🤖 AI Summary
This study addresses the urgent need to systematically evaluate the human rights compliance of large language models (LLMs) in high-stakes human–AI interactions, where they may inadvertently violate principles enshrined in the Universal Declaration of Human Rights. The authors construct a novel benchmark comprising 1,152 synthetically generated scenarios spanning 24 human rights provisions across eight languages, enabling the first cross-lingual, multidimensional quantitative analysis of mainstream LLMs’ behavioral tendencies in human rights trade-offs.

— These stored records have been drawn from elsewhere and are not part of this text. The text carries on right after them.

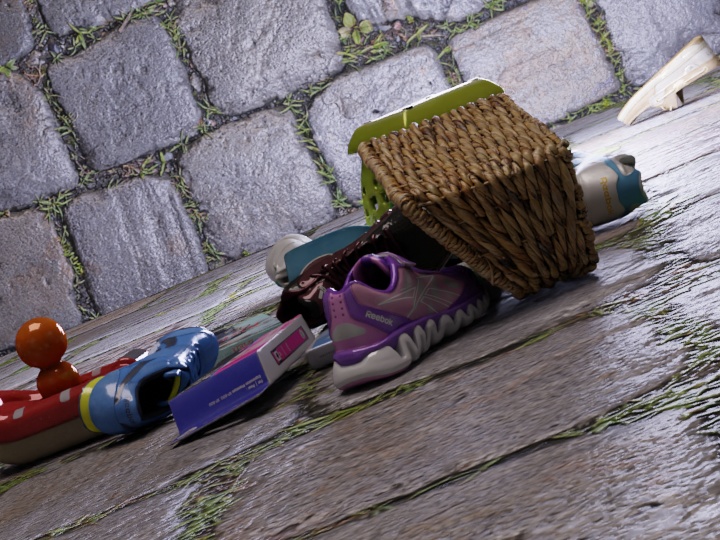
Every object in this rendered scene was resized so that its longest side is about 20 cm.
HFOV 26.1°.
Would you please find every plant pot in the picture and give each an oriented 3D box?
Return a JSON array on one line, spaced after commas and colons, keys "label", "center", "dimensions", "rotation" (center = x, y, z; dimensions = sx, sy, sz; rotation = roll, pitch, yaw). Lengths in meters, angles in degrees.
[{"label": "plant pot", "center": [0.108, -0.144, 2.105], "dimensions": [0.199, 0.182, 0.200], "rotation": [-25, 7, -27]}]

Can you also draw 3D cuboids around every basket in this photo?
[{"label": "basket", "center": [0.097, -0.047, 1.311], "dimensions": [0.149, 0.143, 0.200], "rotation": [-20, 22, -6]}]

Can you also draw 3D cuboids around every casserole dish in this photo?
[{"label": "casserole dish", "center": [0.000, 0.000, 1.609], "dimensions": [0.121, 0.039, 0.200], "rotation": [17, -20, -28]}]

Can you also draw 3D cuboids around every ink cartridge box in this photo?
[{"label": "ink cartridge box", "center": [-0.106, 0.093, 1.360], "dimensions": [0.095, 0.037, 0.200], "rotation": [-30, 5, 16]}]

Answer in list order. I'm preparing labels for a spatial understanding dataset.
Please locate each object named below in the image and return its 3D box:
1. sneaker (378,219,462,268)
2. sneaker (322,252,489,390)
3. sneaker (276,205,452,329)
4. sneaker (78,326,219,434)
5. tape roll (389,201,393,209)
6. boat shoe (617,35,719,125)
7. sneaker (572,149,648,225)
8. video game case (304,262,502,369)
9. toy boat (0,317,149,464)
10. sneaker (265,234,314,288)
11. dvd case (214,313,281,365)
[{"label": "sneaker", "center": [0.092, -0.048, 1.655], "dimensions": [0.090, 0.078, 0.200], "rotation": [-49, 23, -14]}, {"label": "sneaker", "center": [0.034, 0.022, 1.250], "dimensions": [0.080, 0.089, 0.200], "rotation": [-21, 5, 35]}, {"label": "sneaker", "center": [-0.001, 0.007, 1.465], "dimensions": [0.200, 0.076, 0.116], "rotation": [-32, 3, 34]}, {"label": "sneaker", "center": [-0.181, 0.106, 1.492], "dimensions": [0.078, 0.066, 0.200], "rotation": [-6, 14, 31]}, {"label": "tape roll", "center": [0.131, -0.094, 1.712], "dimensions": [0.200, 0.048, 0.200], "rotation": [0, -14, 0]}, {"label": "boat shoe", "center": [0.512, -0.300, 2.580], "dimensions": [0.200, 0.069, 0.074], "rotation": [-45, -1, 35]}, {"label": "sneaker", "center": [0.242, -0.084, 1.574], "dimensions": [0.081, 0.077, 0.200], "rotation": [-14, 12, 5]}, {"label": "video game case", "center": [0.048, 0.032, 1.447], "dimensions": [0.182, 0.022, 0.200], "rotation": [-22, 5, 10]}, {"label": "toy boat", "center": [-0.307, 0.110, 1.563], "dimensions": [0.200, 0.131, 0.131], "rotation": [-22, 5, 10]}, {"label": "sneaker", "center": [-0.093, -0.002, 2.164], "dimensions": [0.088, 0.075, 0.200], "rotation": [-39, 14, -29]}, {"label": "dvd case", "center": [-0.159, 0.089, 1.753], "dimensions": [0.146, 0.022, 0.200], "rotation": [-23, 6, -8]}]
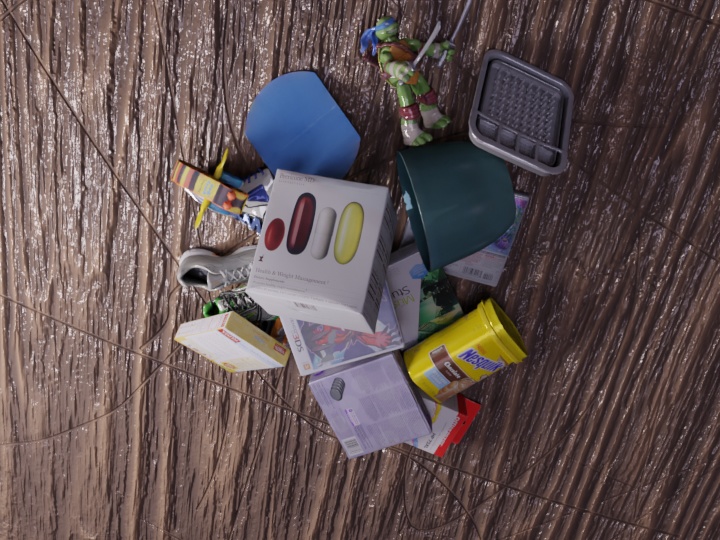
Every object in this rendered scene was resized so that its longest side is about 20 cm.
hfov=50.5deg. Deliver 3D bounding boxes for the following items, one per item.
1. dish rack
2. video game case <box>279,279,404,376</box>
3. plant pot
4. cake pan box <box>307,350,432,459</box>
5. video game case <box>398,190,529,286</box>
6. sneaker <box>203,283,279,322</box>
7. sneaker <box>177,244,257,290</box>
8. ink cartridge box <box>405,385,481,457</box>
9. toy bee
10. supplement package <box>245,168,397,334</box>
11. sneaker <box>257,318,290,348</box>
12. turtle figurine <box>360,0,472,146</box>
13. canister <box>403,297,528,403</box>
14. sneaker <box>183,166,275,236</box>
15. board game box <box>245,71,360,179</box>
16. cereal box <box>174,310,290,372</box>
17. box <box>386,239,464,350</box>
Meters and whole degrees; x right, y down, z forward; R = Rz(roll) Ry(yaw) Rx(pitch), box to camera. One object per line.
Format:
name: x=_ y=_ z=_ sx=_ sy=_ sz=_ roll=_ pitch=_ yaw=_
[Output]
dish rack: x=0.252 y=-0.245 z=1.214 sx=0.169 sy=0.203 sz=0.044 roll=22 pitch=149 yaw=-8
video game case: x=-0.038 y=0.080 z=1.327 sx=0.196 sy=0.023 sz=0.185 roll=-16 pitch=115 yaw=4
plant pot: x=0.160 y=-0.118 z=1.243 sx=0.158 sy=0.201 sz=0.204 roll=-16 pitch=115 yaw=0
cake pan box: x=0.023 y=0.255 z=1.458 sx=0.181 sy=0.053 sz=0.202 roll=-21 pitch=110 yaw=18
video game case: x=0.182 y=-0.077 z=1.376 sx=0.196 sy=0.024 sz=0.185 roll=15 pitch=115 yaw=-4
sneaker: x=-0.210 y=0.064 z=1.380 sx=0.198 sy=0.084 sz=0.080 roll=-25 pitch=76 yaw=41
sneaker: x=-0.241 y=0.006 z=1.394 sx=0.195 sy=0.092 sz=0.077 roll=-4 pitch=116 yaw=3
ink cartridge box: x=0.136 y=0.294 z=1.534 sx=0.197 sy=0.068 sz=0.118 roll=23 pitch=116 yaw=-9
toy bee: x=-0.222 y=-0.132 z=1.243 sx=0.195 sy=0.109 sz=0.134 roll=4 pitch=96 yaw=3
supplement package: x=-0.055 y=-0.027 z=1.211 sx=0.187 sy=0.147 sz=0.204 roll=9 pitch=75 yaw=11
sneaker: x=-0.146 y=0.056 z=1.425 sx=0.077 sy=0.077 sz=0.203 roll=-2 pitch=122 yaw=-47
turtle figurine: x=0.105 y=-0.308 z=1.200 sx=0.196 sy=0.145 sz=0.197 roll=-13 pitch=119 yaw=12
canister: x=0.196 y=0.156 z=1.436 sx=0.198 sy=0.088 sz=0.148 roll=-32 pitch=136 yaw=16
sneaker: x=-0.197 y=-0.144 z=1.336 sx=0.197 sy=0.081 sz=0.117 roll=27 pitch=100 yaw=-3
board game box: x=-0.098 y=-0.229 z=1.296 sx=0.157 sy=0.039 sz=0.201 roll=-36 pitch=91 yaw=7
cereal box: x=-0.239 y=0.136 z=1.413 sx=0.143 sy=0.040 sz=0.198 roll=38 pitch=149 yaw=-29
box: x=0.098 y=0.047 z=1.403 sx=0.142 sy=0.037 sz=0.201 roll=-25 pitch=128 yaw=8
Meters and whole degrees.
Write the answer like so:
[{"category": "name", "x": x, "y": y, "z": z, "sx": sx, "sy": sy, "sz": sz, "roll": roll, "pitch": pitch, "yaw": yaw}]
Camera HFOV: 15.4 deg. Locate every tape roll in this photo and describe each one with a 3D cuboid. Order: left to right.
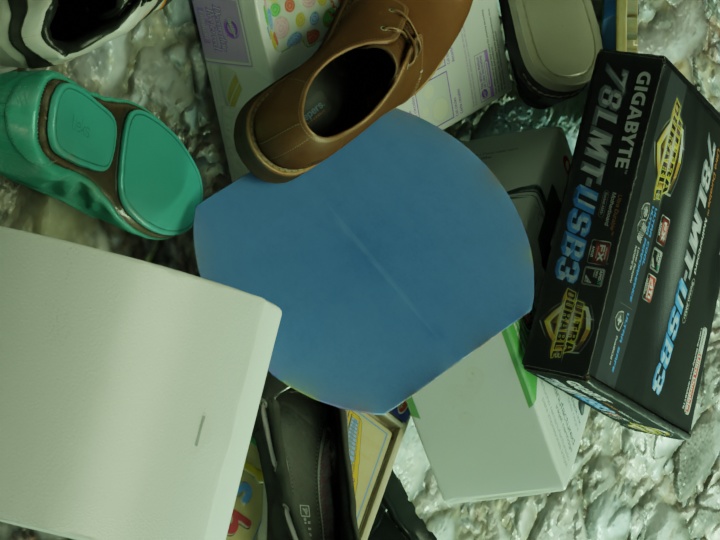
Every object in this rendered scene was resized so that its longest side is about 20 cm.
[{"category": "tape roll", "x": -0.152, "y": 0.062, "z": 1.357, "sx": 0.203, "sy": 0.203, "sz": 0.139, "roll": 20, "pitch": 83, "yaw": -47}]

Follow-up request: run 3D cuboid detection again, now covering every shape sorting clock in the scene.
[{"category": "shape sorting clock", "x": 0.172, "y": -0.120, "z": 1.723, "sx": 0.200, "sy": 0.039, "sz": 0.200, "roll": 4, "pitch": 90, "yaw": -86}]

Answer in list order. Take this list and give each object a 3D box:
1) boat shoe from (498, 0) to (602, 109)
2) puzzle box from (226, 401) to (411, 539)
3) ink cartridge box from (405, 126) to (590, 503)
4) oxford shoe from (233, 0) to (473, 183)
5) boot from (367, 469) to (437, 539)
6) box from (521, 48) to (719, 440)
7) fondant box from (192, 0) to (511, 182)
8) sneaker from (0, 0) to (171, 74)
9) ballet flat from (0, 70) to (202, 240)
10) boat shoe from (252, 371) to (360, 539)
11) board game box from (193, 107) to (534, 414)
[{"category": "boat shoe", "x": 0.105, "y": -0.196, "z": 1.677, "sx": 0.073, "sy": 0.063, "sz": 0.200, "roll": -3, "pitch": 70, "yaw": -17}, {"category": "puzzle box", "x": -0.041, "y": 0.105, "z": 1.553, "sx": 0.133, "sy": 0.025, "sz": 0.200, "roll": 38, "pitch": 54, "yaw": -27}, {"category": "ink cartridge box", "x": 0.089, "y": 0.024, "z": 1.642, "sx": 0.200, "sy": 0.083, "sz": 0.147, "roll": -67, "pitch": 142, "yaw": -52}, {"category": "oxford shoe", "x": 0.015, "y": -0.123, "z": 1.506, "sx": 0.071, "sy": 0.071, "sz": 0.200, "roll": 48, "pitch": 57, "yaw": -13}, {"category": "boot", "x": -0.018, "y": 0.210, "z": 1.619, "sx": 0.162, "sy": 0.073, "sz": 0.198, "roll": -49, "pitch": 121, "yaw": -33}, {"category": "box", "x": 0.173, "y": -0.011, "z": 1.621, "sx": 0.198, "sy": 0.050, "sz": 0.200, "roll": 31, "pitch": 71, "yaw": -61}, {"category": "fondant box", "x": -0.002, "y": -0.140, "z": 1.588, "sx": 0.200, "sy": 0.058, "sz": 0.144, "roll": -32, "pitch": 119, "yaw": -41}, {"category": "sneaker", "x": -0.129, "y": -0.157, "z": 1.435, "sx": 0.200, "sy": 0.080, "sz": 0.074, "roll": -39, "pitch": 121, "yaw": -38}, {"category": "ballet flat", "x": -0.152, "y": -0.065, "z": 1.423, "sx": 0.200, "sy": 0.070, "sz": 0.067, "roll": 33, "pitch": 65, "yaw": -66}, {"category": "boat shoe", "x": -0.029, "y": 0.098, "z": 1.509, "sx": 0.067, "sy": 0.057, "sz": 0.200, "roll": 4, "pitch": 73, "yaw": -40}, {"category": "board game box", "x": 0.000, "y": 0.000, "z": 1.509, "sx": 0.200, "sy": 0.039, "sz": 0.158, "roll": -34, "pitch": 78, "yaw": -30}]

By integrating synthetic data generation, multilingual prompt engineering, and a mixed-method evaluation combining Likert-scale ratings with open-ended responses, the study reveals that models are more permissive toward restrictions on economic, social, and cultural rights; exhibit significantly stronger restriction tendencies in Chinese and Hindi compared to English and Romanian; and demonstrate high sensitivity to prompt formulation. This work establishes a scalable, cross-cultural framework for AI ethics assessment.
📝 Abstract
As Large Language Models (LLMs) increasingly mediate global information access with the potential to shape public discourse, their alignment with universal human rights principles becomes important to ensure that these rights are abided by in high stakes AI-mediated interactions. In this paper, we evaluate how LLMs navigate trade-offs involving the Universal Declaration of Human Rights (UDHR), leveraging 1,152 synthetically generated scenarios across 24 rights articles and eight languages. Our analysis of eleven major LLMs reveals systematic biases where models: (1) accept limiting Economic, Social, and Cultural rights more often than Political and Civil rights, (2) demonstrate significant cross-linguistic variation with elevated endorsement rates of rights-limiting actions in Chinese and Hindi compared to English or Romanian, (3) show substantial susceptibility to prompt-based steering, and (4) exhibit noticeable differences between Likert and open-ended responses, highlighting critical challenges in LLM preference assessment.